El maestro Pepe Luis Vázquez, en su casa de Sevilla / NIEVES SANZ
El niño rubio del vestido rosa
El decano de los matadores de toros, Pepe Luis Vázquez, torero que deslumbró a los intelectuales, cumple hoy 90 años
El maestro Antonio Burgos ha evocado, con su finura, una tarde de agosto, víspera de la Virgen de los Reyes, en que Sevilla entera parecía dormida: hasta la guerra dormía, según Queipo. En el cine de verano del Prado de San Sebastián daban una película de Imperio Argentina pero Pagés había organizado una novillada nocturna y algunos aficionados hablaban mucho de un niño de San Bernardo, hijo de un encargado del Matadero, que debutaba esa noche. Ese niño rubio, vestido de rosa, que «va a resucitar Sevilla», se llama Pepe Luis Vázquez. Hoy, 21 de diciembre del 2011, va a cumplir noventa años: ¡quién lo diría! Es el decano de los matadores.
En la posguerra, fascinó a los espectadores por la unión de facilidad, arte e inteligencia. No tenía sólo la gracia atribuida tradicionalmente a los sevillanos; no era un gladiador temerario pero sí un gran lidiador: todos los años, en la Feria de Abril, mataba la corrida de su amigo —casi su hermano— don Eduardo Miura. A Nuria Espert le fascinó, en «El Tenorio» de la calle Mateos Gago, la foto de la figura frágil de un torero, que espera a un toro berrendo, con la muleta plegada en su mano izquierda: el famoso «cartucho de pescao» de Pepe Luis. Me pidió que se lo tradujera a su acompañante, un hombre de teatro inglés. Lo intenté: «The little cornet of fish». ¡Menos mal que no me oyó ningún sevillano!...
Cada Miércoles Santo, solía encontrarme yo al maestro, junto a uno de los faroles barrocos del puente de San Bernardo, viendo pasar a la cofradía de su barrio, con las túnicas moradas y los antifaces negros: como un monumento más de Sevilla... Aunque se le consideró un torero de la línea artística, él siempre defendió la necesidad de la técnica. Marcial Lalanda, que lo apoderó de novillero, me hablaba de su facilidad para ver al toro: «Un día —me contó— le di una indicación que él no siguió... y era Pepe Luis el que tenía razón...» La opinión del exigentísimo Marcial era tajante: «Fue el torero más hondo que yo he visto».
El quite del perdón
Después de una actuación poco feliz, se hacía perdonar todo con el quite «del perdón» o «de la escoba», para barrer a todos. Sabía dominar a los toros difíciles: «Yo habré estado más o menos lucido pero nunca he estado aperreado». Explicaba así la famosa gracia de los toreros sevillanos: «Es saber interpretar en un momento en que nadie, ni él mismo, sabe lo que va a hacer.

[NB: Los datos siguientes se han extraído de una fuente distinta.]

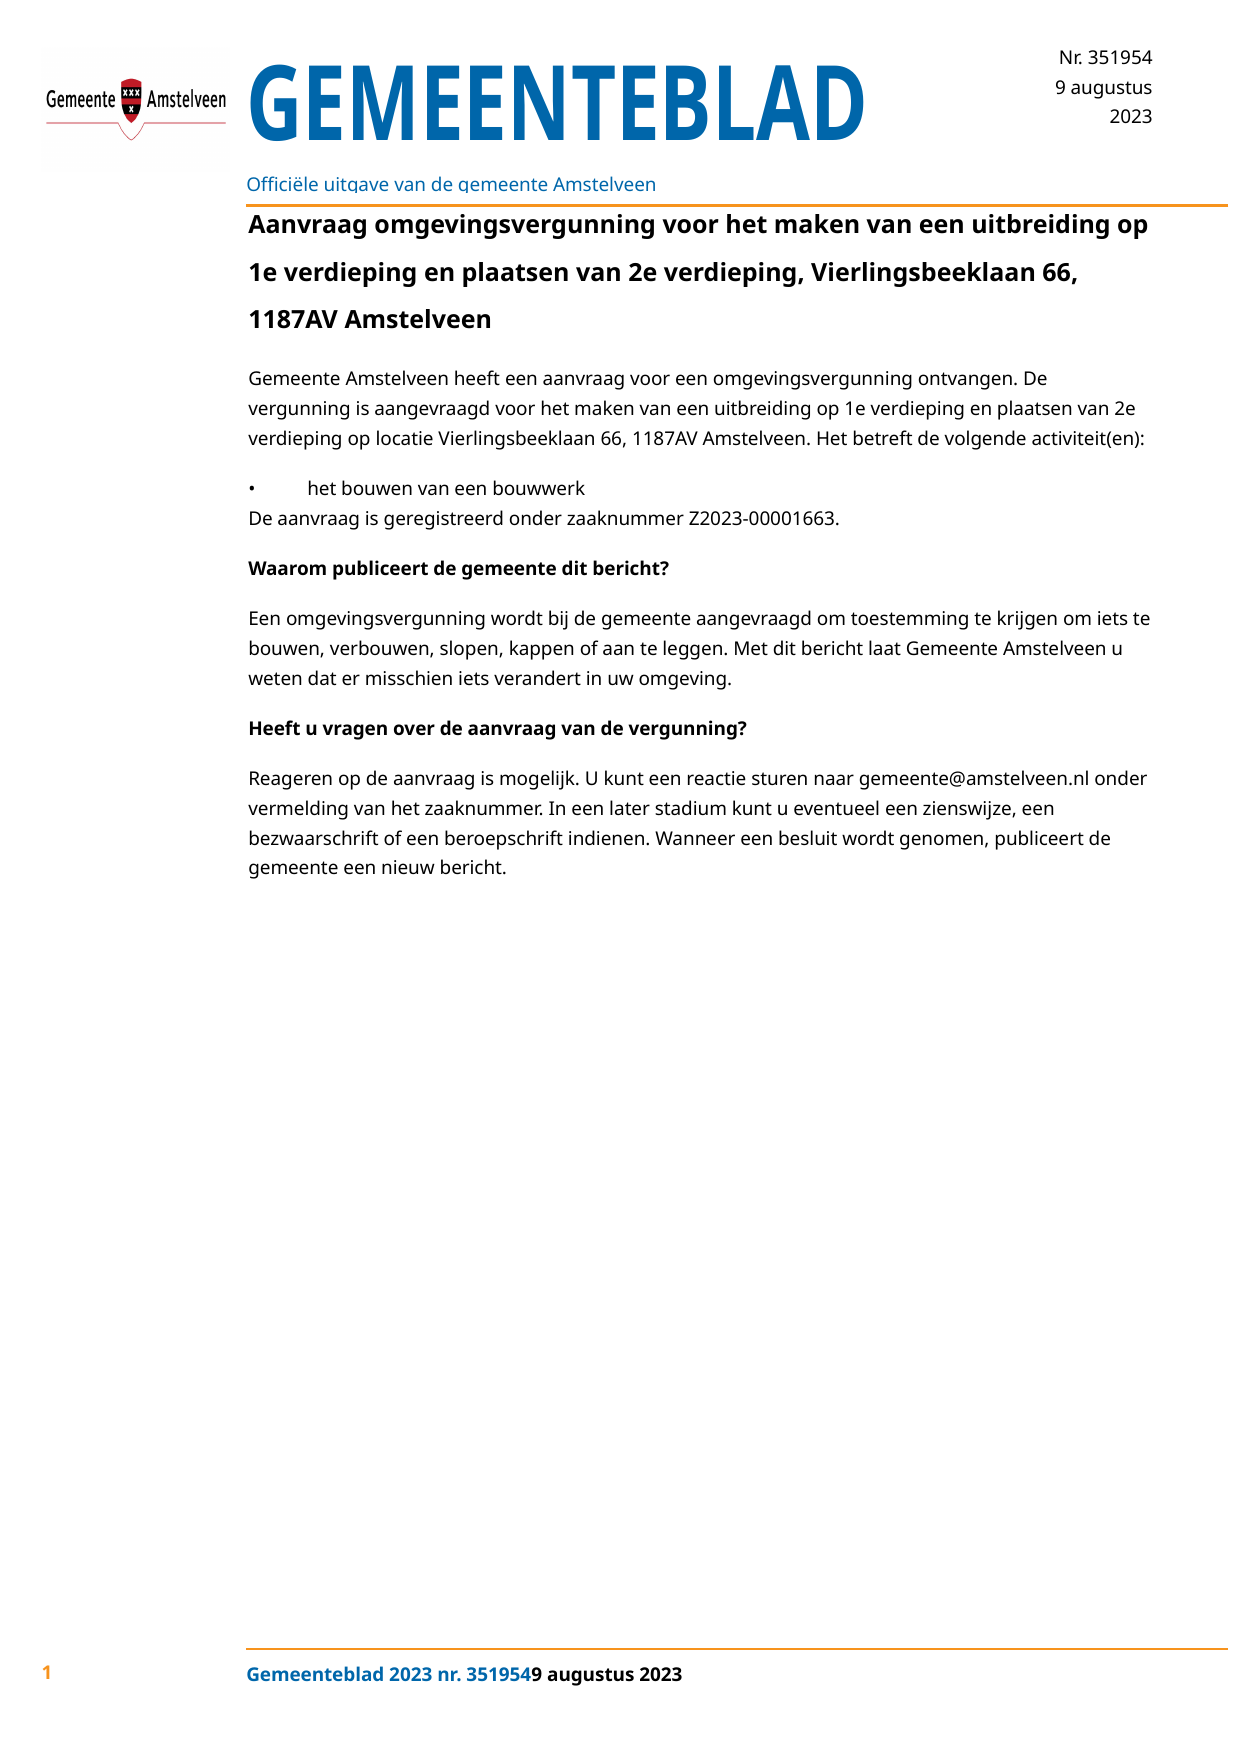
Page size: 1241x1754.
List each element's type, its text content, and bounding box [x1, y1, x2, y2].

text Gemeente Amstelveen heeft een aanvraag voor een omgevingsvergunning ontvangen. De vergunning is aangevraagd voor het maken van een uitbreiding op 1e verdieping en plaatsen van 2e verdieping op locatie Vierlingsbeeklaan 66, 1187AV Amstelveen. Het betreft de volgende activiteit(en): [248, 366, 1152, 450]
list het bouwen van een bouwwerk [248, 475, 1152, 501]
text Waarom publiceert de gemeente dit bericht? [248, 555, 1152, 581]
text Een omgevingsvergunning wordt bij de gemeente aangevraagd om toestemming te krijgen om iets te bouwen, verbouwen, slopen, kappen of aan te leggen. Met dit bericht laat Gemeente Amstelveen u weten dat er misschien iets verandert in uw omgeving. [248, 606, 1152, 690]
picture [41, 47, 231, 172]
text Reageren op de aanvraag is mogelijk. U kunt een reactie sturen naar gemeente@amstelveen.nl onder vermelding van het zaaknummer. In een later stadium kunt u eventueel een zienswijze, een bezwaarschrift of een beroepschrift indienen. Wanneer een besluit wordt genomen, publiceert de gemeente een nieuw bericht. [248, 766, 1152, 880]
text De aanvraag is geregistreerd onder zaaknummer Z2023-00001663. [248, 505, 1152, 530]
text Heeft u vragen over de aanvraag van de vergunning? [248, 715, 1152, 741]
text Aanvraag omgevingsvergunning voor het maken van een uitbreiding op 1e verdieping en plaatsen van 2e verdieping, Vierlingsbeeklaan 66, 1187AV Amstelveen [248, 207, 1152, 336]

Se dice que está basada en los adornos. La gracia de estos adornos consiste, a mi juicio, en la sorpresa».
Si poseía todas estas cualidades —conocimiento del toro, técnica, hondura, capacidad de improvisación—, ¿por qué no llegó a mandar en el toreo? Sólo porque le faltó constancia, empeño, decisión. Dicho más simplemente: porque no quiso. Lo reconocía el propio Manolete: «Si Pepe Luis hubiese querido...»
Aquel niño rubio deslumbró también a los intelectuales de la tertulia de José María de Cossío, magistralmente historiada por Antonio Díaz-Cañabate: a Manuel Machado, Sebastián Miranda, Eugenio d'Ors, Emilio García Gómez, Federico Sopeña y al poeta más taurino del 27, Gerardo Diego. En 1947, con el seudónimo —clásico y gitano— «Compás», Gerardo le dedicó una crónica: «Torear de capa así creo, de verdad, que no se habrá visto nunca». Su libro «La suerte o la muerte» incluye un poema, Pepe Luis Vázquez, que se resume en estos dos versos: «Es un torero nuevo de Sevilla la vieja / que los rancios saberes perpetúa y destila». Así es: la misteriosa unión de lo viejo y lo nuevo, la alegría por el milagro renovado que supone la aparición de un verdadero artista.
A sus noventa años, ¿qué verá Pepe Luis, con sus gafas oscuras? ¿Qué voces interiores escuchará, con su dureza de oído? Sin duda, sigue, hoy mismo, soñando con esa perfección estética que él rozó, una tarde, en la Plaza de Valladolid; dándole vueltas a los recuerdos de tantos momentos taurinos; saboreando despaciosamente esta Fiesta que ha sido la razón de su existencia, desde aquella tarde de agosto en que un niño rubio iba para la Plaza, en el coche de cuadrillas de Limones, vestido de rosa...
¡Felicidades, maestro, y que sea por muchos años!